**Your instructions**
A faithful copy is required: retype the records from their first line through the line with "#51 cardboard box [1908,707,1919,771]", and omit the pictures.

Dataset excerpts:
———
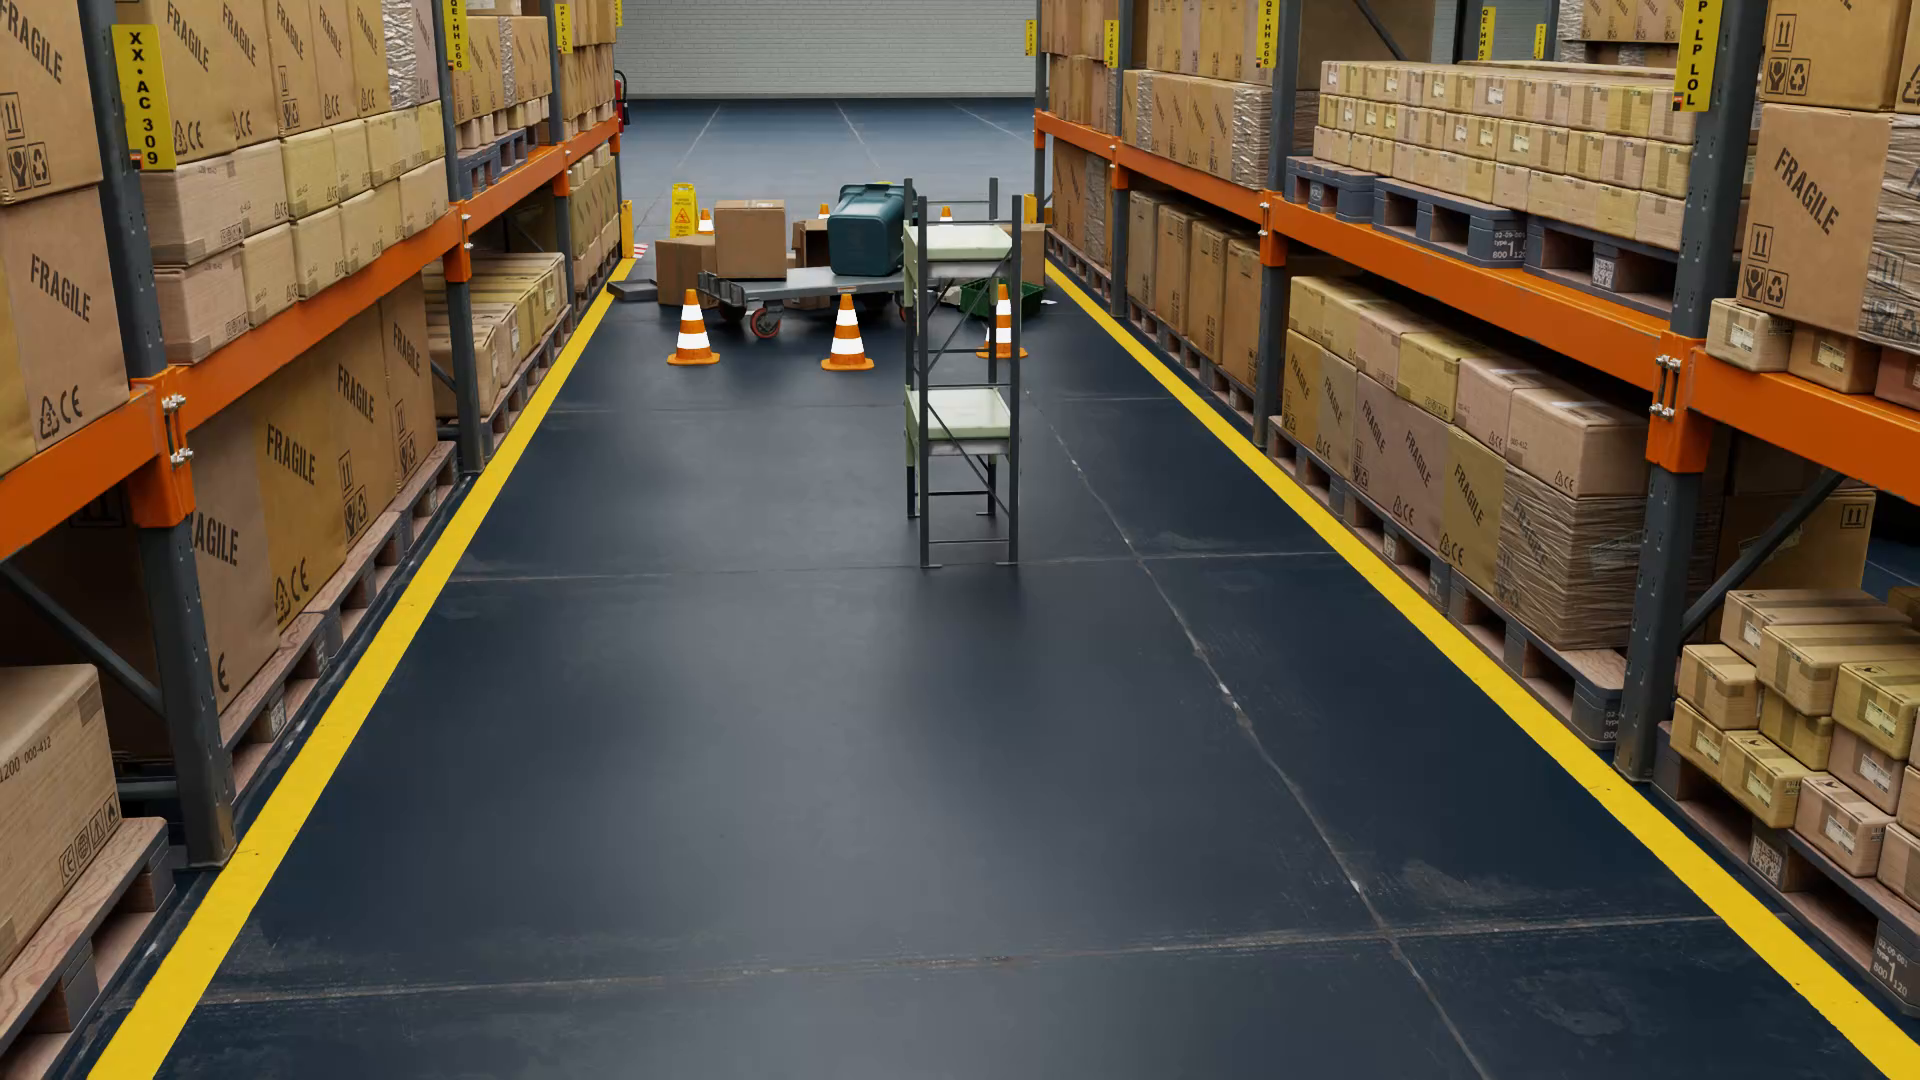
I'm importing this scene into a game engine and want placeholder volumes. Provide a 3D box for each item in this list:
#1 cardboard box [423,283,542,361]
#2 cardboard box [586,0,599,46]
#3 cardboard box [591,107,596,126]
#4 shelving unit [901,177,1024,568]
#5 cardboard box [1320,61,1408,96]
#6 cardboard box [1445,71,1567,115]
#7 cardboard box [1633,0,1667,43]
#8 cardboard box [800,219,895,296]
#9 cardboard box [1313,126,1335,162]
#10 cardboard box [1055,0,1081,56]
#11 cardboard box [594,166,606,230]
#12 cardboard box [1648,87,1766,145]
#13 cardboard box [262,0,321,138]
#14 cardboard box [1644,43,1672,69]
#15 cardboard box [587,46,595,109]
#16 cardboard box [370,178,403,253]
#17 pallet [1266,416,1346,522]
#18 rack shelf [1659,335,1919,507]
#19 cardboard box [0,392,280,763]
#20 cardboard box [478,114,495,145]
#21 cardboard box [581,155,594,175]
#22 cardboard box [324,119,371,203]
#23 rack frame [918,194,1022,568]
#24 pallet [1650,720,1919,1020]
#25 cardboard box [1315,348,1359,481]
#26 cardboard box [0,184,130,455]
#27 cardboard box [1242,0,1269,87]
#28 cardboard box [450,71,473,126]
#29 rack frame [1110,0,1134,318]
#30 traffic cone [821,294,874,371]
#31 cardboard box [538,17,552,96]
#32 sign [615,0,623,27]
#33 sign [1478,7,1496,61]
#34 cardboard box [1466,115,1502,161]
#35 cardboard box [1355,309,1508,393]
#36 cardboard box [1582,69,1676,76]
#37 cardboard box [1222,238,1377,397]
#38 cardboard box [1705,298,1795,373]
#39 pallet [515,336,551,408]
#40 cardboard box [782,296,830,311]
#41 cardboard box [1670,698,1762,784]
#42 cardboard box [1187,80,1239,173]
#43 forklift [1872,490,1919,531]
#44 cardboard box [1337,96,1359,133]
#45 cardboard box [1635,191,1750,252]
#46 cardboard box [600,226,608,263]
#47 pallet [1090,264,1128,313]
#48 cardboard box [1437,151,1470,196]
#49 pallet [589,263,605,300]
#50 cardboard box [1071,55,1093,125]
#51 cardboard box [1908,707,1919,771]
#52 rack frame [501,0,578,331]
[{"bbox_3d":[-3.068,-1.314,10.039,0.950,0.372,0.625,-1,17,-4],"label":"cardboard box"},{"bbox_3d":[-3.161,-4.052,12.744,0.700,0.500,0.500,-2,18,-7],"label":"cardboard box"},{"bbox_3d":[-3.235,-3.533,13.841,0.380,0.149,0.250,-2,18,-6],"label":"cardboard box"},{"bbox_3d":[-0.001,-0.718,6.959,0.431,1.500,0.755,-2,18,-6],"label":"shelving unit"},{"bbox_3d":[1.906,-2.155,7.759,0.380,0.149,0.250,-2,18,-6],"label":"cardboard box"},{"bbox_3d":[2.065,-1.690,6.279,0.380,0.149,0.250,-2,18,-6],"label":"cardboard box"},{"bbox_3d":[6.110,-4.490,14.138,0.500,0.500,0.500,-2,18,-6],"label":"cardboard box"},{"bbox_3d":[-0.884,-2.286,13.393,0.797,0.637,0.503,-2,18,-6],"label":"cardboard box"},{"bbox_3d":[1.896,-1.877,7.865,0.380,0.149,0.250,-2,18,-6],"label":"cardboard box"},{"bbox_3d":[1.296,-4.462,14.329,0.875,0.550,0.550,-2,18,-6],"label":"cardboard box"},{"bbox_3d":[-3.244,-2.846,13.871,0.500,0.500,0.500,-2,18,-7],"label":"cardboard box"},{"bbox_3d":[2.227,-1.222,4.786,0.380,0.149,0.250,-1,17,-3],"label":"cardboard box"},{"bbox_3d":[-2.339,-1.526,5.193,0.500,0.500,0.500,-2,18,-7],"label":"cardboard box"},{"bbox_3d":[6.418,-4.022,14.318,0.875,0.500,0.500,-2,18,-6],"label":"cardboard box"},{"bbox_3d":[-3.229,-3.722,13.363,0.500,0.500,0.500,-2,17,-5],"label":"cardboard box"},{"bbox_3d":[-2.448,-1.236,6.357,0.500,0.250,0.500,-2,18,-6],"label":"cardboard box"},{"bbox_3d":[2.130,-0.372,8.011,1.003,0.211,1.213,-2,18,-6],"label":"pallet"},{"bbox_3d":[2.669,0.195,2.749,1.077,0.370,4.000,-2,18,-6],"label":"rack shelf"},{"bbox_3d":[-2.594,0.070,4.792,0.875,0.875,0.875,-1,17,-4],"label":"cardboard box"},{"bbox_3d":[-2.697,-2.187,8.852,0.380,0.149,0.250,-2,18,-5],"label":"cardboard box"},{"bbox_3d":[-3.106,-2.957,13.141,0.380,0.149,0.250,-1,17,-2],"label":"cardboard box"},{"bbox_3d":[-2.377,-1.324,5.802,0.500,0.250,0.500,-2,18,-7],"label":"cardboard box"},{"bbox_3d":[0.037,-0.609,6.611,0.400,1.500,0.023,-2,18,-6],"label":"rack frame"},{"bbox_3d":[2.568,0.785,4.323,1.003,0.211,1.213,-2,18,-6],"label":"pallet"},{"bbox_3d":[1.925,-0.575,7.473,0.500,0.500,0.500,-2,17,-5],"label":"cardboard box"},{"bbox_3d":[-2.148,-0.478,3.526,0.500,0.500,0.500,-2,18,-5],"label":"cardboard box"},{"bbox_3d":[1.961,-2.745,9.077,0.700,0.500,0.500,-2,18,-6],"label":"cardboard box"},{"bbox_3d":[-2.679,-2.284,8.079,0.500,0.500,0.500,-2,18,-7],"label":"cardboard box"},{"bbox_3d":[1.638,-3.127,12.131,1.000,3.000,0.127,-2,18,-6],"label":"rack frame"},{"bbox_3d":[-0.730,-1.352,10.712,0.336,0.463,0.334,-2,18,-6],"label":"traffic cone"},{"bbox_3d":[-2.999,-3.204,11.010,0.500,0.500,0.500,-2,18,-7],"label":"cardboard box"},{"bbox_3d":[-3.134,-4.851,15.159,0.100,0.325,0.005,-2,18,-6],"label":"sign"},{"bbox_3d":[2.589,-2.470,8.236,0.100,0.325,0.005,-2,18,-6],"label":"sign"},{"bbox_3d":[2.086,-1.471,6.078,0.380,0.149,0.250,-2,18,-5],"label":"cardboard box"},{"bbox_3d":[1.971,-0.789,6.904,0.500,0.250,0.500,-2,18,-5],"label":"cardboard box"},{"bbox_3d":[2.688,-1.783,6.573,0.380,0.149,0.250,-1,17,-3],"label":"cardboard box"},{"bbox_3d":[2.077,-1.247,9.196,1.050,0.750,0.750,-2,18,-6],"label":"cardboard box"},{"bbox_3d":[2.167,-0.530,4.276,0.380,0.149,0.250,-1,17,-4],"label":"cardboard box"},{"bbox_3d":[-3.065,-1.018,10.066,1.003,0.211,1.213,-2,18,-6],"label":"pallet"},{"bbox_3d":[-1.224,-1.949,12.942,0.396,0.266,0.258,16,24,42],"label":"cardboard box"},{"bbox_3d":[2.181,0.534,4.526,0.380,0.149,0.250,-3,18,-8],"label":"cardboard box"},{"bbox_3d":[1.635,-2.407,9.669,0.500,0.500,0.500,-2,18,-7],"label":"cardboard box"},{"bbox_3d":[5.137,-1.699,7.696,3.031,2.935,1.130,-13,22,-35],"label":"forklift"},{"bbox_3d":[1.931,-1.927,7.529,0.380,0.149,0.250,-1,17,-3],"label":"cardboard box"},{"bbox_3d":[2.225,-0.937,4.871,0.380,0.149,0.250,-2,18,-7],"label":"cardboard box"},{"bbox_3d":[-3.232,-2.482,13.964,0.500,0.250,0.500,-2,18,-8],"label":"cardboard box"},{"bbox_3d":[1.637,-2.026,13.278,1.003,0.211,1.213,-2,18,-6],"label":"pallet"},{"bbox_3d":[2.060,-1.404,6.360,0.380,0.149,0.250,-2,18,-7],"label":"cardboard box"},{"bbox_3d":[-3.509,-2.177,13.760,1.003,0.211,1.213,-2,18,-6],"label":"pallet"},{"bbox_3d":[1.416,-3.791,13.994,0.875,0.550,0.500,-2,18,-6],"label":"cardboard box"},{"bbox_3d":[2.387,0.476,3.719,0.380,0.149,0.250,-2,18,-7],"label":"cardboard box"},{"bbox_3d":[-3.275,-2.944,11.548,1.000,3.000,0.127,-2,18,-6],"label":"rack frame"}]
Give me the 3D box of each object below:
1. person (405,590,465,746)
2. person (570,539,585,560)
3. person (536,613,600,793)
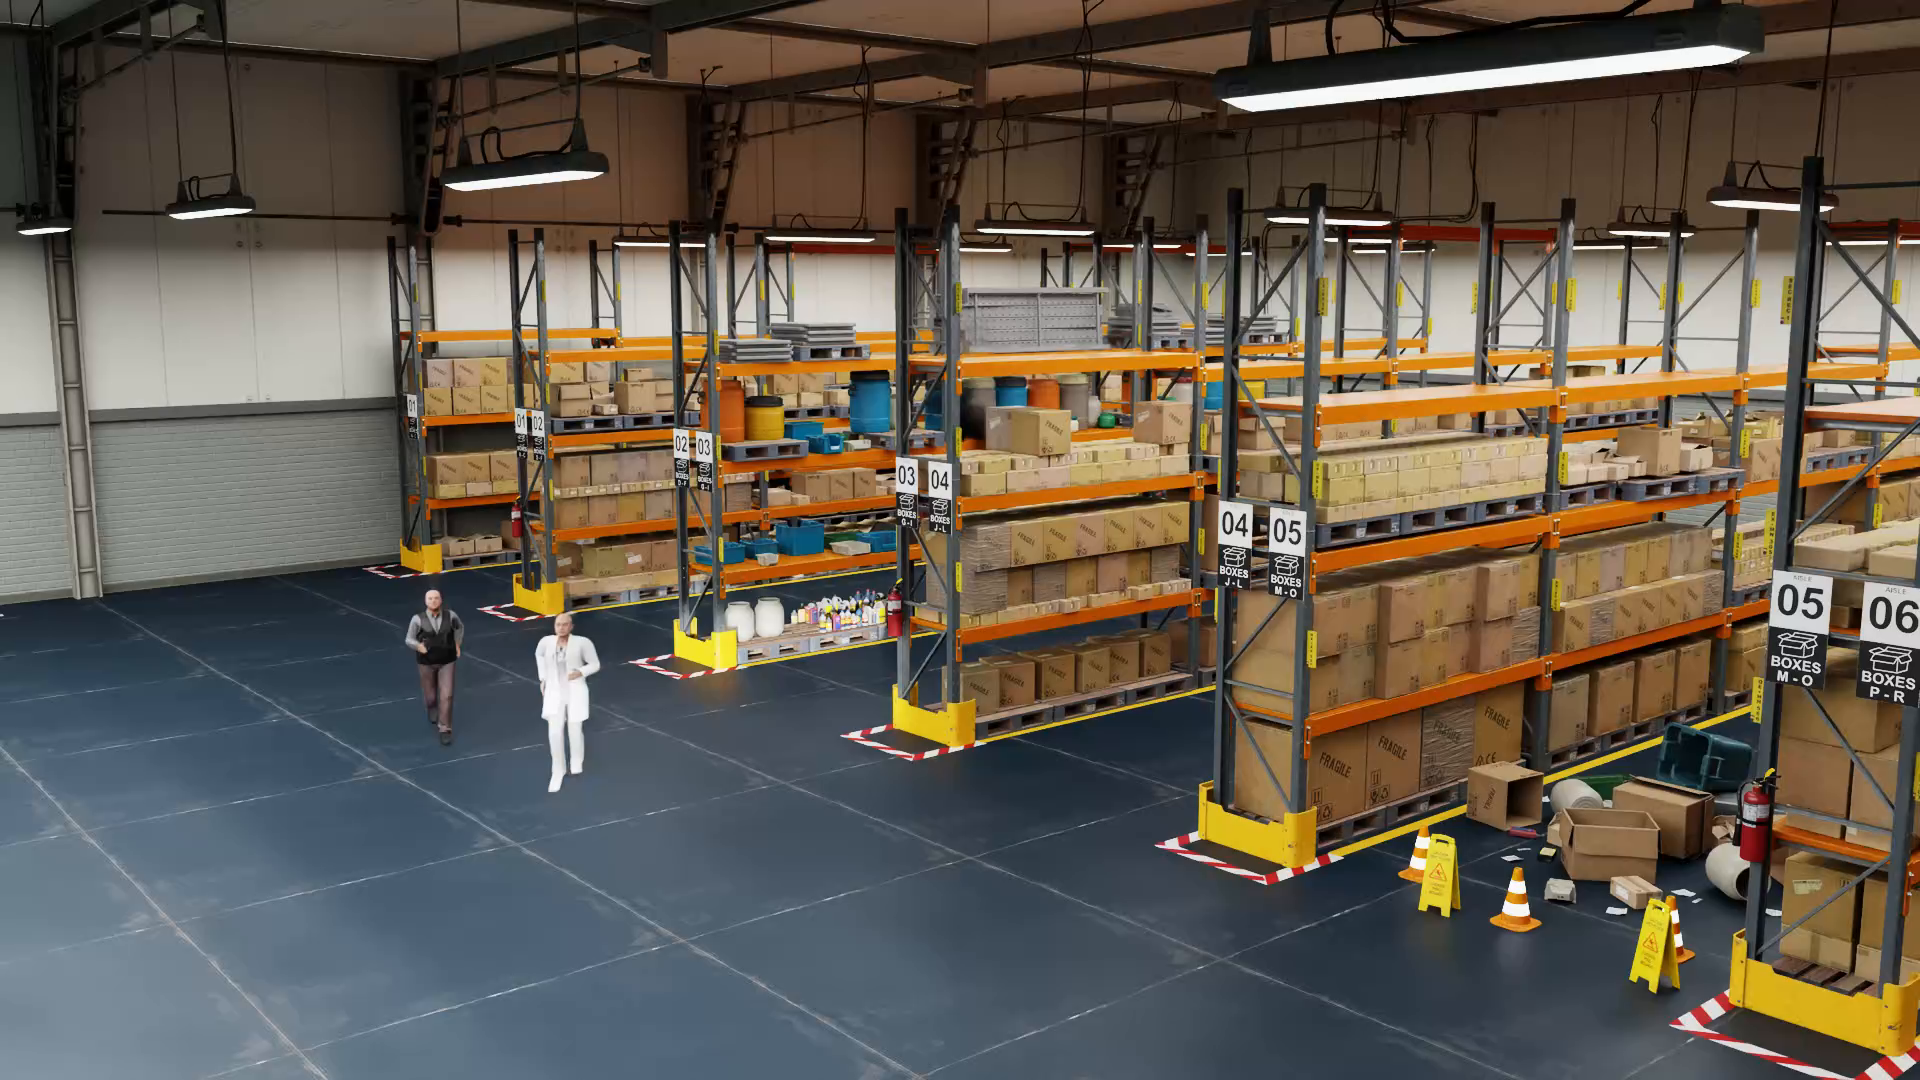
———
**Exercise solution**
I'm importing this scene into a game engine and want placeholder volumes. Provide a 3D box for each item in this list:
#1 cardboard box [423,283,542,361]
#2 cardboard box [586,0,599,46]
#3 cardboard box [591,107,596,126]
#4 shelving unit [901,177,1024,568]
#5 cardboard box [1320,61,1408,96]
#6 cardboard box [1445,71,1567,115]
#7 cardboard box [1633,0,1667,43]
#8 cardboard box [800,219,895,296]
#9 cardboard box [1313,126,1335,162]
#10 cardboard box [1055,0,1081,56]
#11 cardboard box [594,166,606,230]
#12 cardboard box [1648,87,1766,145]
#13 cardboard box [262,0,321,138]
#14 cardboard box [1644,43,1672,69]
#15 cardboard box [587,46,595,109]
#16 cardboard box [370,178,403,253]
#17 pallet [1266,416,1346,522]
#18 rack shelf [1659,335,1919,507]
#19 cardboard box [0,392,280,763]
#20 cardboard box [478,114,495,145]
#21 cardboard box [581,155,594,175]
#22 cardboard box [324,119,371,203]
#23 rack frame [918,194,1022,568]
#24 pallet [1650,720,1919,1020]
#25 cardboard box [1315,348,1359,481]
#26 cardboard box [0,184,130,455]
#27 cardboard box [1242,0,1269,87]
#28 cardboard box [450,71,473,126]
#29 rack frame [1110,0,1134,318]
#30 traffic cone [821,294,874,371]
#31 cardboard box [538,17,552,96]
#32 sign [615,0,623,27]
#33 sign [1478,7,1496,61]
#34 cardboard box [1466,115,1502,161]
#35 cardboard box [1355,309,1508,393]
#36 cardboard box [1582,69,1676,76]
#37 cardboard box [1222,238,1377,397]
#38 cardboard box [1705,298,1795,373]
#39 pallet [515,336,551,408]
#40 cardboard box [782,296,830,311]
#41 cardboard box [1670,698,1762,784]
#42 cardboard box [1187,80,1239,173]
#43 forklift [1872,490,1919,531]
#44 cardboard box [1337,96,1359,133]
#45 cardboard box [1635,191,1750,252]
#46 cardboard box [600,226,608,263]
#47 pallet [1090,264,1128,313]
#48 cardboard box [1437,151,1470,196]
#49 pallet [589,263,605,300]
#50 cardboard box [1071,55,1093,125]
#51 cardboard box [1908,707,1919,771]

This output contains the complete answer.